= Ruben Cotelo =

Uruguayan writer, journalist, and literary critic

Ruben Cotelo (October 31, 1930 – September 24, 2006) was an Uruguay writer, journalist, and literary critic, known for his acute reviews on literature and cinema. He was married and divorced. He had three sons and one daughter. Emiliano Cotelo, his oldest son, is a radio journalist in Uruguay.

==Education and academics==
Ruben Cotelo was born in Montevideo. His father was a Galician immigrant, and his mother was from Uruguay. Ruben Cotelo first studied Art, then Law at the Universidad de la Republica in Montevideo, and finally Journalism at the Indiana University (Bloomington) under Professor Floyd G. Arpan.

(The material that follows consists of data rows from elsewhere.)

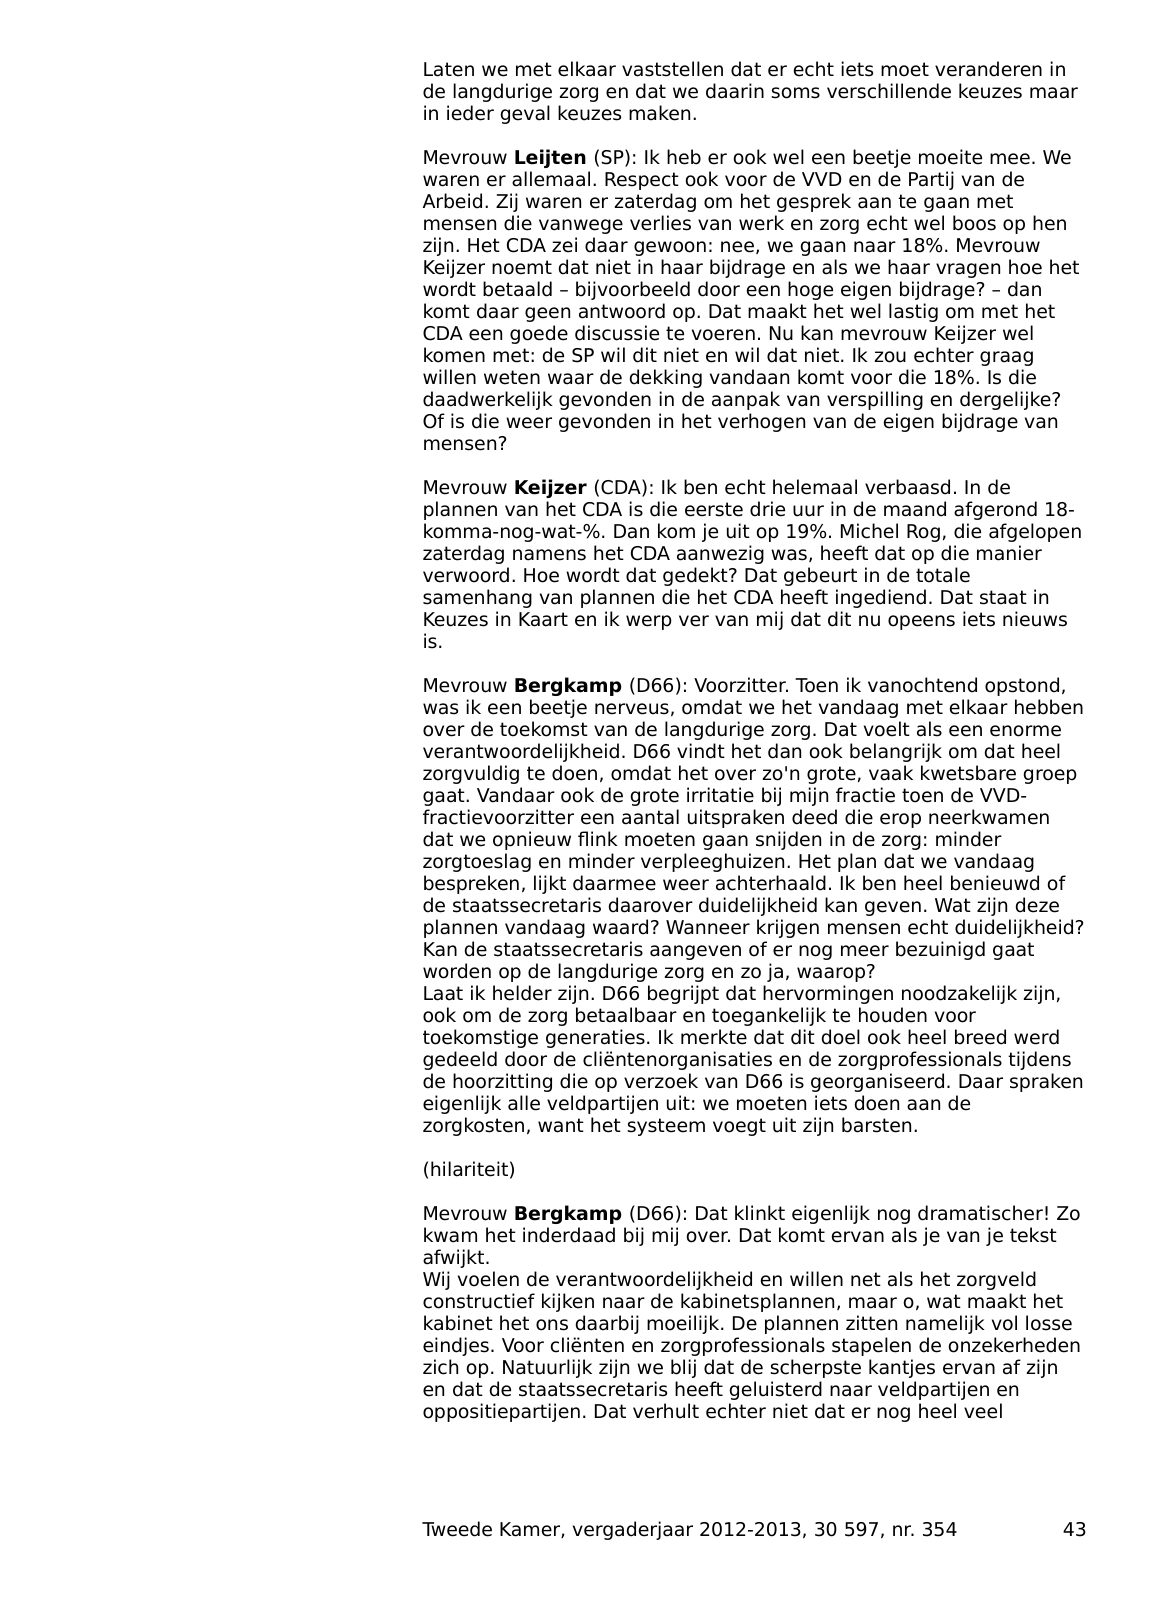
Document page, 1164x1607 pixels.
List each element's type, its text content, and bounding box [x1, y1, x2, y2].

text Mevrouw Bergkamp (D66): Dat klinkt eigenlijk nog dramatischer! Zo kwam het inderdaad bij mij over. Dat komt ervan als je van je tekst afwijkt. [422, 1203, 1087, 1269]
text Laten we met elkaar vaststellen dat er echt iets moet veranderen in de langdurige zorg en dat we daarin soms verschillende keuzes maar in ieder geval keuzes maken. [422, 59, 1087, 125]
text Mevrouw Bergkamp (D66): Voorzitter. Toen ik vanochtend opstond, was ik een beetje nerveus, omdat we het vandaag met elkaar hebben over de toekomst van de langdurige zorg. Dat voelt als een enorme verantwoordelijkheid. D66 vindt het dan ook belangrijk om dat heel zorgvuldig te doen, omdat het over zo'n grote, vaak kwetsbare groep gaat. Vandaar ook de grote irritatie bij mijn fractie toen de VVD-fractievoorzitter een aantal uitspraken deed die erop neerkwamen dat we opnieuw flink moeten gaan snijden in de zorg: minder zorgtoeslag en minder verpleeghuizen. Het plan dat we vandaag bespreken, lijkt daarmee weer achterhaald. Ik ben heel benieuwd of de staatssecretaris daarover duidelijkheid kan geven. Wat zijn deze plannen vandaag waard? Wanneer krijgen mensen echt duidelijkheid? Kan de staatssecretaris aangeven of er nog meer bezuinigd gaat worden op de langdurige zorg en zo ja, waarop? [422, 675, 1087, 983]
text Mevrouw Leijten (SP): Ik heb er ook wel een beetje moeite mee. We waren er allemaal. Respect ook voor de VVD en de Partij van de Arbeid. Zij waren er zaterdag om het gesprek aan te gaan met mensen die vanwege verlies van werk en zorg echt wel boos op hen zijn. Het CDA zei daar gewoon: nee, we gaan naar 18%. Mevrouw Keijzer noemt dat niet in haar bijdrage en als we haar vragen hoe het wordt betaald – bijvoorbeeld door een hoge eigen bijdrage? – dan komt daar geen antwoord op. Dat maakt het wel lastig om met het CDA een goede discussie te voeren. Nu kan mevrouw Keijzer wel komen met: de SP wil dit niet en wil dat niet. Ik zou echter graag willen weten waar de dekking vandaan komt voor die 18%. Is die daadwerkelijk gevonden in de aanpak van verspilling en dergelijke? Of is die weer gevonden in het verhogen van de eigen bijdrage van mensen? [422, 147, 1087, 455]
text (hilariteit) [422, 1159, 1087, 1181]
text Laat ik helder zijn. D66 begrijpt dat hervormingen noodzakelijk zijn, ook om de zorg betaalbaar en toegankelijk te houden voor toekomstige generaties. Ik merkte dat dit doel ook heel breed werd gedeeld door de cliëntenorganisaties en de zorgprofessionals tijdens de hoorzitting die op verzoek van D66 is georganiseerd. Daar spraken eigenlijk alle veldpartijen uit: we moeten iets doen aan de zorgkosten, want het systeem voegt uit zijn barsten. [422, 983, 1087, 1137]
text Mevrouw Keijzer (CDA): Ik ben echt helemaal verbaasd. In de plannen van het CDA is die eerste drie uur in de maand afgerond 18-komma-nog-wat-%. Dan kom je uit op 19%. Michel Rog, die afgelopen zaterdag namens het CDA aanwezig was, heeft dat op die manier verwoord. Hoe wordt dat gedekt? Dat gebeurt in de totale samenhang van plannen die het CDA heeft ingediend. Dat staat in Keuzes in Kaart en ik werp ver van mij dat dit nu opeens iets nieuws is. [422, 477, 1087, 653]
text Wij voelen de verantwoordelijkheid en willen net als het zorgveld constructief kijken naar de kabinetsplannen, maar o, wat maakt het kabinet het ons daarbij moeilijk. De plannen zitten namelijk vol losse eindjes. Voor cliënten en zorgprofessionals stapelen de onzekerheden zich op. Natuurlijk zijn we blij dat de scherpste kantjes ervan af zijn en dat de staatssecretaris heeft geluisterd naar veldpartijen en oppositiepartijen. Dat verhult echter niet dat er nog heel veel [422, 1269, 1087, 1423]

Although Ruben Cotelo did not teach formally, he participated in numerous lectures and conferences in Argentina, Mexico and the United States. In June 1989 he lectured on Uruguay’s Politics, Economy and Society at the Universidad de Belgrano in Buenos Aires. In the 1990s he was advisor to Jorge Brovetto, then Chancellor of the Universidad de la Republica.

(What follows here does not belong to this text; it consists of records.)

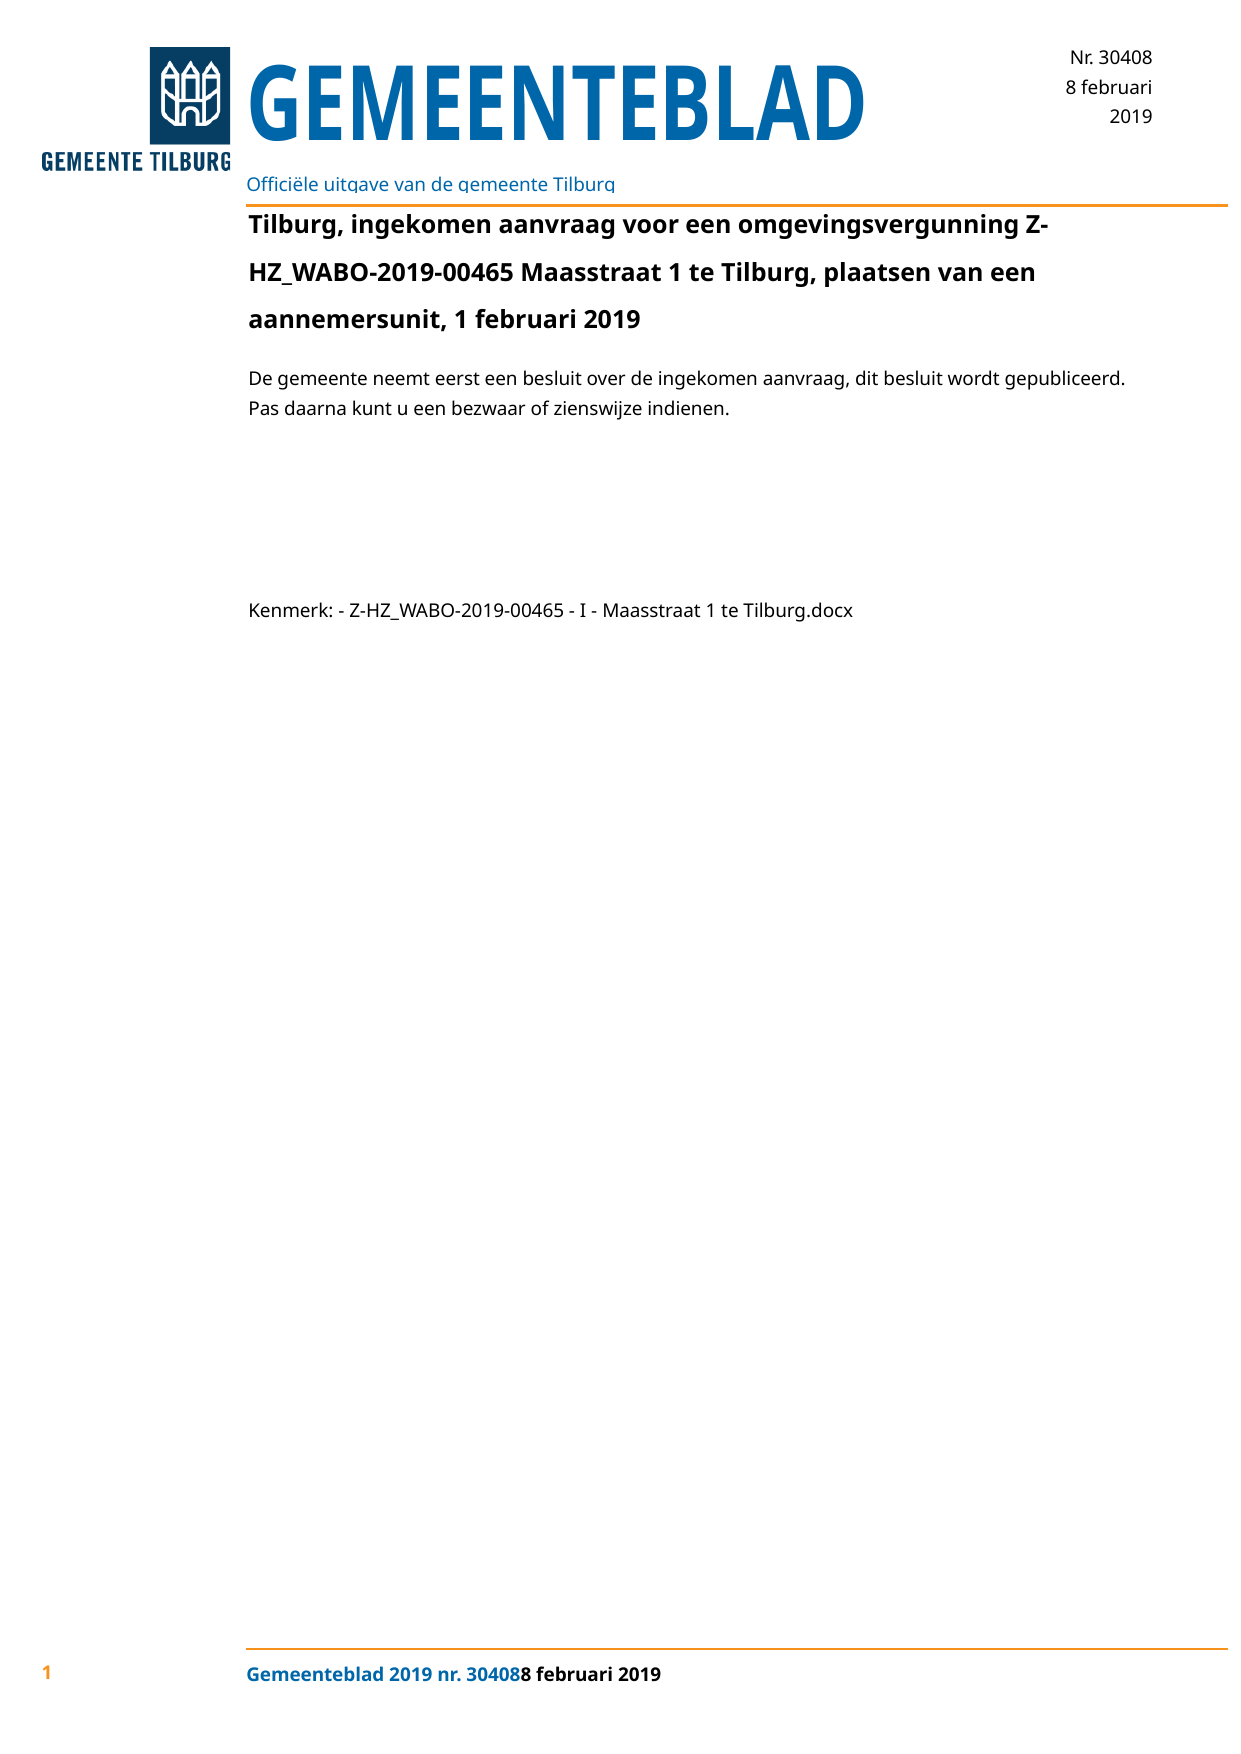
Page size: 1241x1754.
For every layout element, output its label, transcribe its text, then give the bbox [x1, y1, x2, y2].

text Kenmerk: - Z-HZ_WABO-2019-00465 - I - Maasstraat 1 te Tilburg.docx [248, 597, 1152, 622]
picture [41, 47, 231, 172]
text De gemeente neemt eerst een besluit over de ingekomen aanvraag, dit besluit wordt gepubliceerd. Pas daarna kunt u een bezwaar of zienswijze indienen. [248, 366, 1152, 421]
text Tilburg, ingekomen aanvraag voor een omgevingsvergunning Z-HZ_WABO-2019-00465 Maasstraat 1 te Tilburg, plaatsen van een aannemersunit, 1 februari 2019 [248, 207, 1152, 336]

==Journalism and professional work==
Since the 1950s Ruben Cotelo reviewed cinema and literature for the newspaper El País and the weekly Marcha. At El País he directed the weekly Literature Supplement from 1955 to 1966 and the news desk until 1968. In the 1960s he also contributed to American newspapers (The Record of Hackensack, New Jersey, Oakland Tribune, California). He was war correspondent to the Vietnam War in 1967.

In 1969 he became editor and international expert for Cinterfor an agency of the ILO, International Labor Organization for whom he traveled extensively in the Americas and Europe.
After his retirement he wrote for literary publications such as Vuelta (Buenos Aires), Jaque and Alternativa (Montevideo) and the Revista Iberoamericana de Literatura (Detroit).

Ruben Cotelo died in 2006 after a long battle with cancer. He left unfinished essays, studies and manuscripts on Vivian Trias, Juan Carlos Onetti, Justino Zavala Muniz, and other literature figures of Uruguay.

==Legacy==
After his death, Coteloʼs family donated his personal library of approximately ten thousand volumes to the Universidad Católica (Uruguay).

The Cotelo family has donated his archive and personal items to the Instituto de Letras at the Facultad de Humanidades y Ciencias de la Educación, National University (Uruguay).

==Works==
- Narradores Uruguayos Caracas, Monte Ávila, 1969
- Carlos Real de Azúa de cerca y de lejos Montevideo, Ediciones del Nuevo Mundo, 1987 (Mención de Honor Especial, Concurso Literario del Municipio, 1988)

==Co-author==
- Eduardo Acevedo Díaz Capítulo Oriental No. 6, Cedal, 1968.
- Felisberto Hernández Fundación de Cultura Universitaria, 1970.
- En Torno a Juan Carlos Onetti Fundacion de Cultura Universitaria, 1974.
- Historias de la vida privada en el Uruguay Santillana, 1996.
- La Tierra Purpúrea. William H. Hudson Prólogo. Banda Oriental, 1999.